A Images of MP41 cells treated with each compound for 24 hours. Scale bar = 100 µm. B Heatmap clustering of relative Z’-scores for differences in gene expression per treatment group (n = 3 per condition). C PCA analysis of replicates for each treatment in MP41 cells. D Venn diagram depicting overlaps between the treatment groups of significantly upregulated (Adj. p < 0.05, log2 FC > 1.5) and E downregulated genes in MP41 cells (Adj. p < 0.05, log2 FC < −1.5). F Volcano plot of changes in gene expression in MP41 cells relative to the control for each treatment group.
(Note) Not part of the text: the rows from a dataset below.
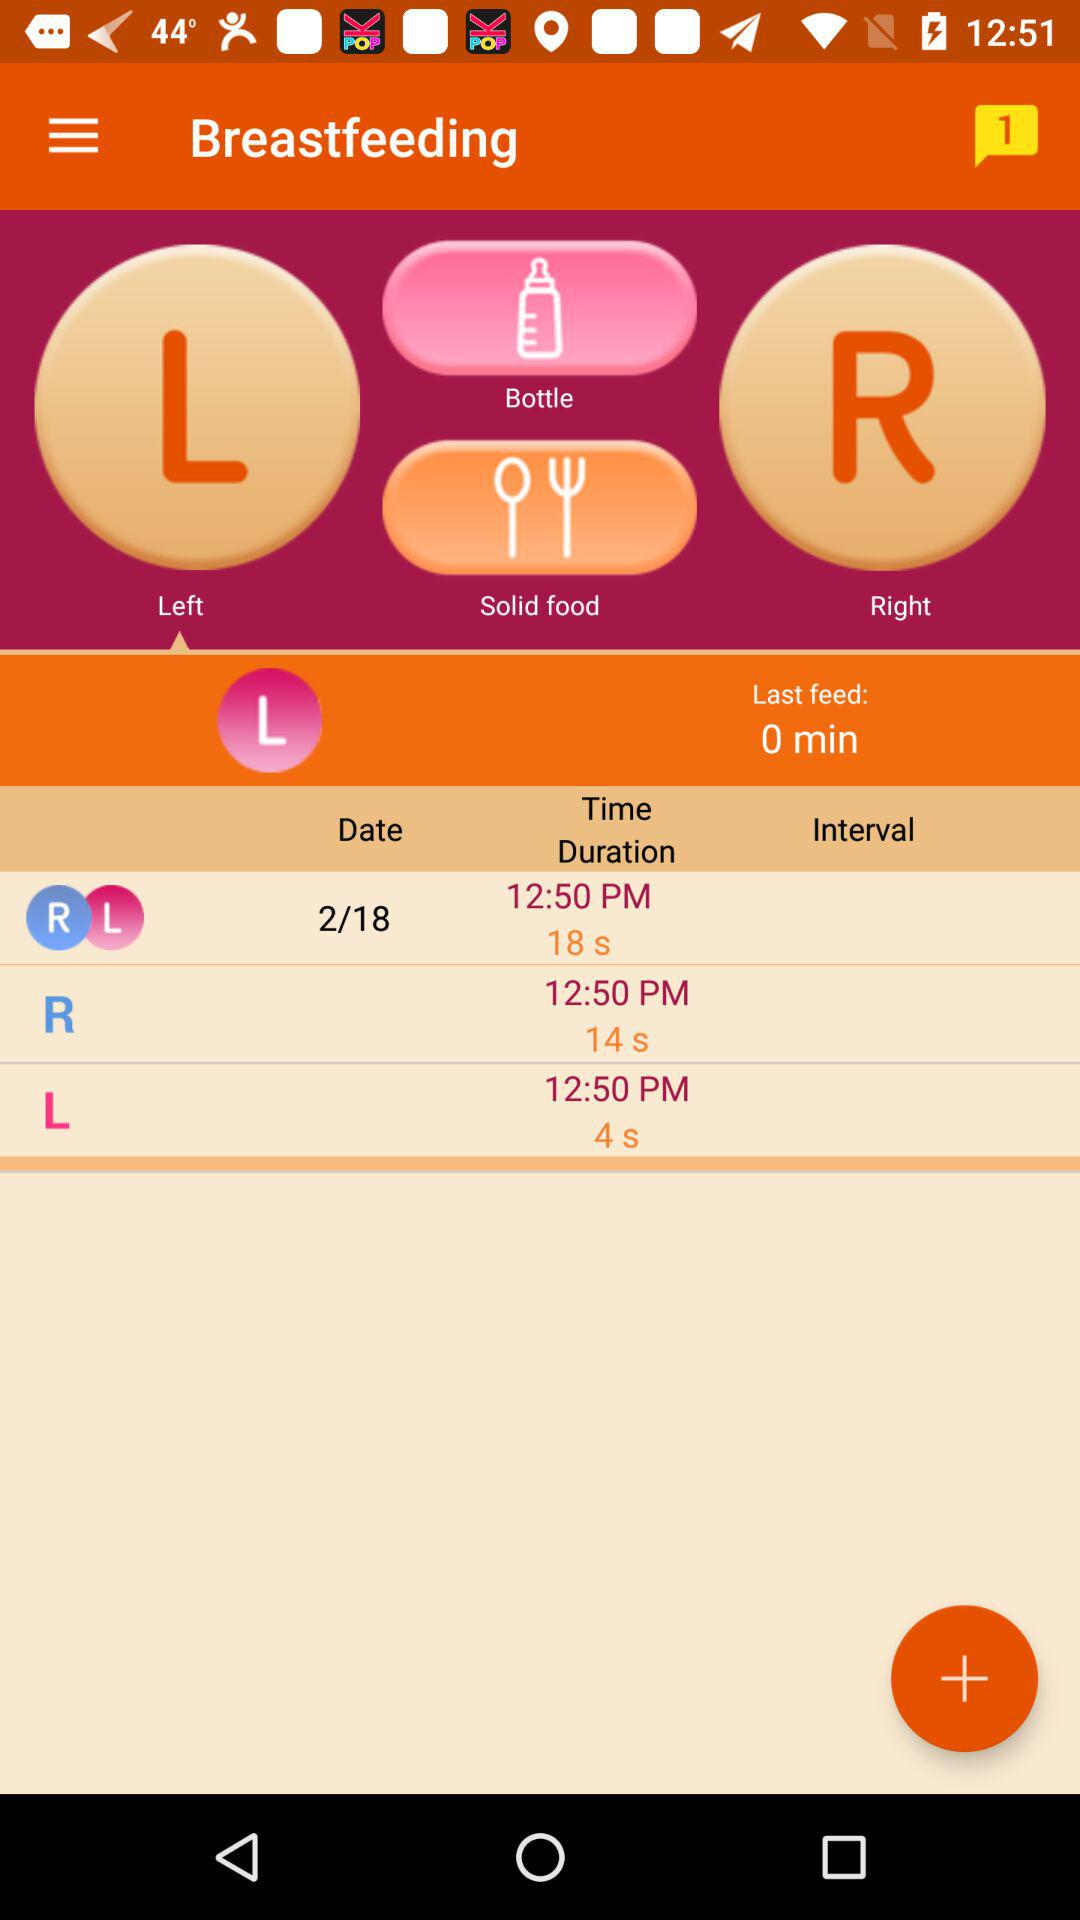What is the given date? The date is 2/18. 
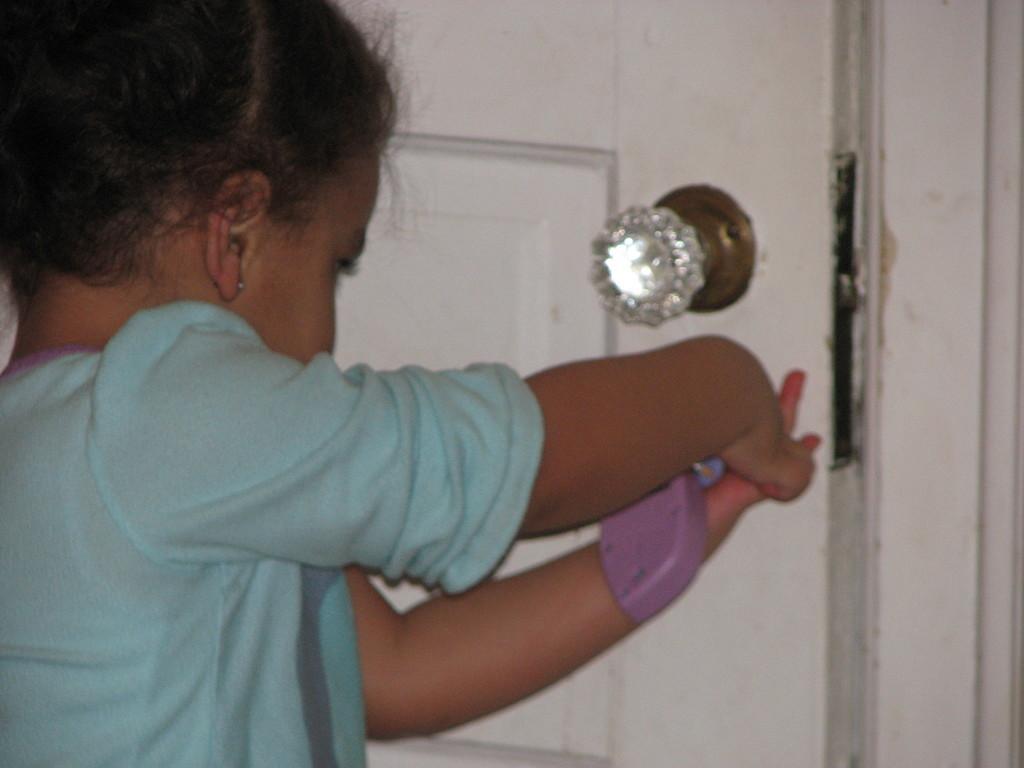In one or two sentences, can you explain what this image depicts? In this image I see a girl, who is wearing a blue colored t-shirt and in the background I see a door which is of white in color and the door knob is of silver color. 
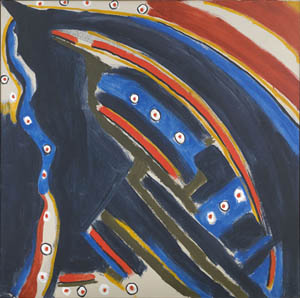Can you create a fictional story inspired by this image? In a far-off realm beyond the limits of space and time, there existed a cosmic entity known as the Astral Voyager. The Voyager was created from the very fabric of the universe, a swirling amalgam of deep blue voids and shimmering cosmic energy outlined by celestial forces. Each dot of red, yellow, and white represented a living star, housing entire worlds teeming with life and stories untold.

One day, the stars began to vanish one by one, consumed by an unknown darkness creeping through the universe. The Astral Voyager embarked on a journey across the cosmos, driven by an insatiable desire to uncover the mystery and restore light to the stars. Along its path, the Voyager encountered numerous galaxies and constellations, gathering knowledge and allies.

In a climactic battle, the Voyager confronted the source of the darkness, a forgotten deity exiled to the cosmic fringes. Through its unwavering resolve and the combined power of its celestial allies, the Voyager defeated the deity, reclaiming the stolen light and reigniting the stars. With the universe restored, the Astral Voyager continued its endless pilgrimage, forever a guardian of the cosmic harmony it had fought to preserve. 
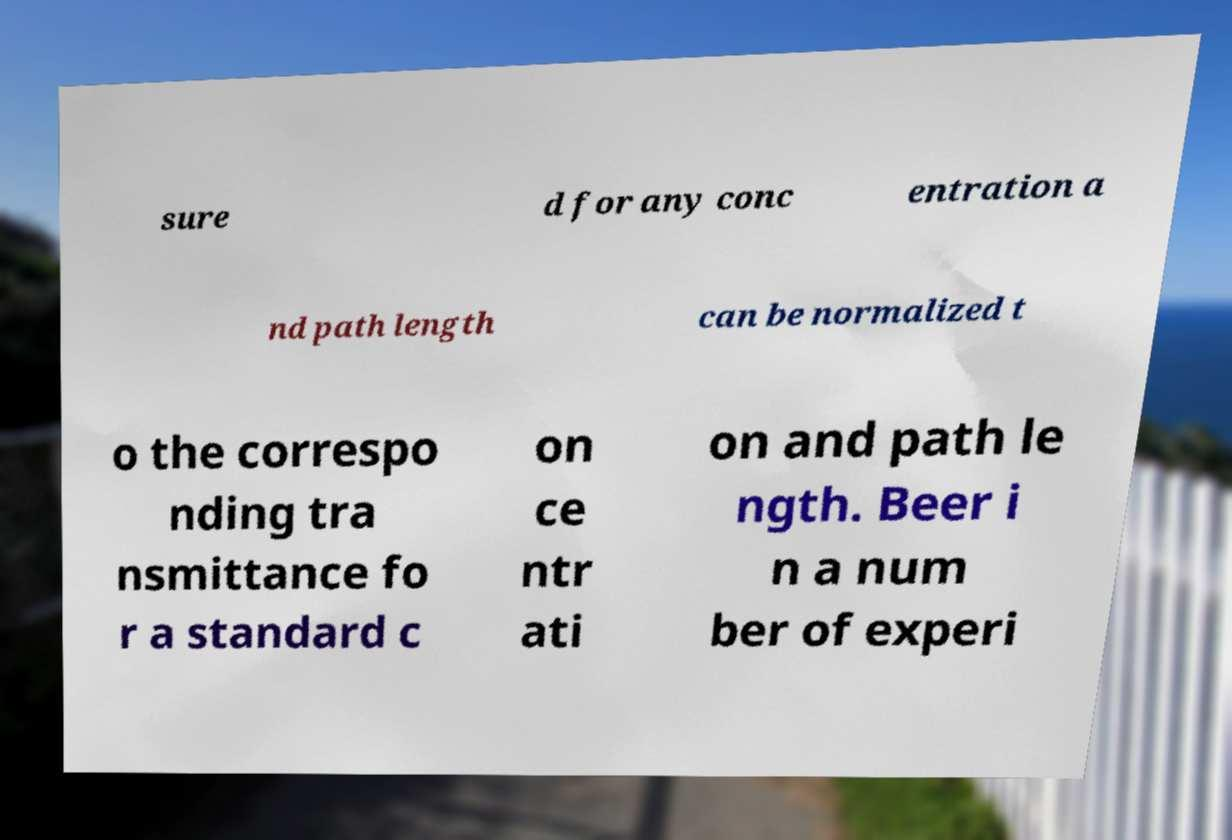Could you assist in decoding the text presented in this image and type it out clearly? sure d for any conc entration a nd path length can be normalized t o the correspo nding tra nsmittance fo r a standard c on ce ntr ati on and path le ngth. Beer i n a num ber of experi

Blue and red dots are the 180 genes found to be consistently dysregulated as a result of eight HDAC inhibitor treatments in iLINCS. Red dots are genes that were consistently upregulated by HDAC inhibitor treatments (n = 77), while blue dots are genes that were consistently downregulated (n = 103). For the HDAC inhibitors considered and transcriptional consensus signatures from which this list was derived, see Supplementary Data 2. For list of genes selected and their direction of change, see Supplementary Data 3. G Heatmap of moderated Z’-score (MODZ) of compounds inducing similar gene expression signatures to MP41 cells treated with romidepsin, quisinostat, and mivebresib using iLINCS connected perturbation analysis. Higher MODZ indicates greater similarity. H Bar graph of the mean correlation coefficient (r) of drugs with each mechanism to BET inhibitors. Error bars represent SEM. I Bar graph of the mean correlation coefficient of drugs with each mechanism to HDAC inhibitors. Error bars represent SEM. For full correlation matrix, see Supplementary Data 4.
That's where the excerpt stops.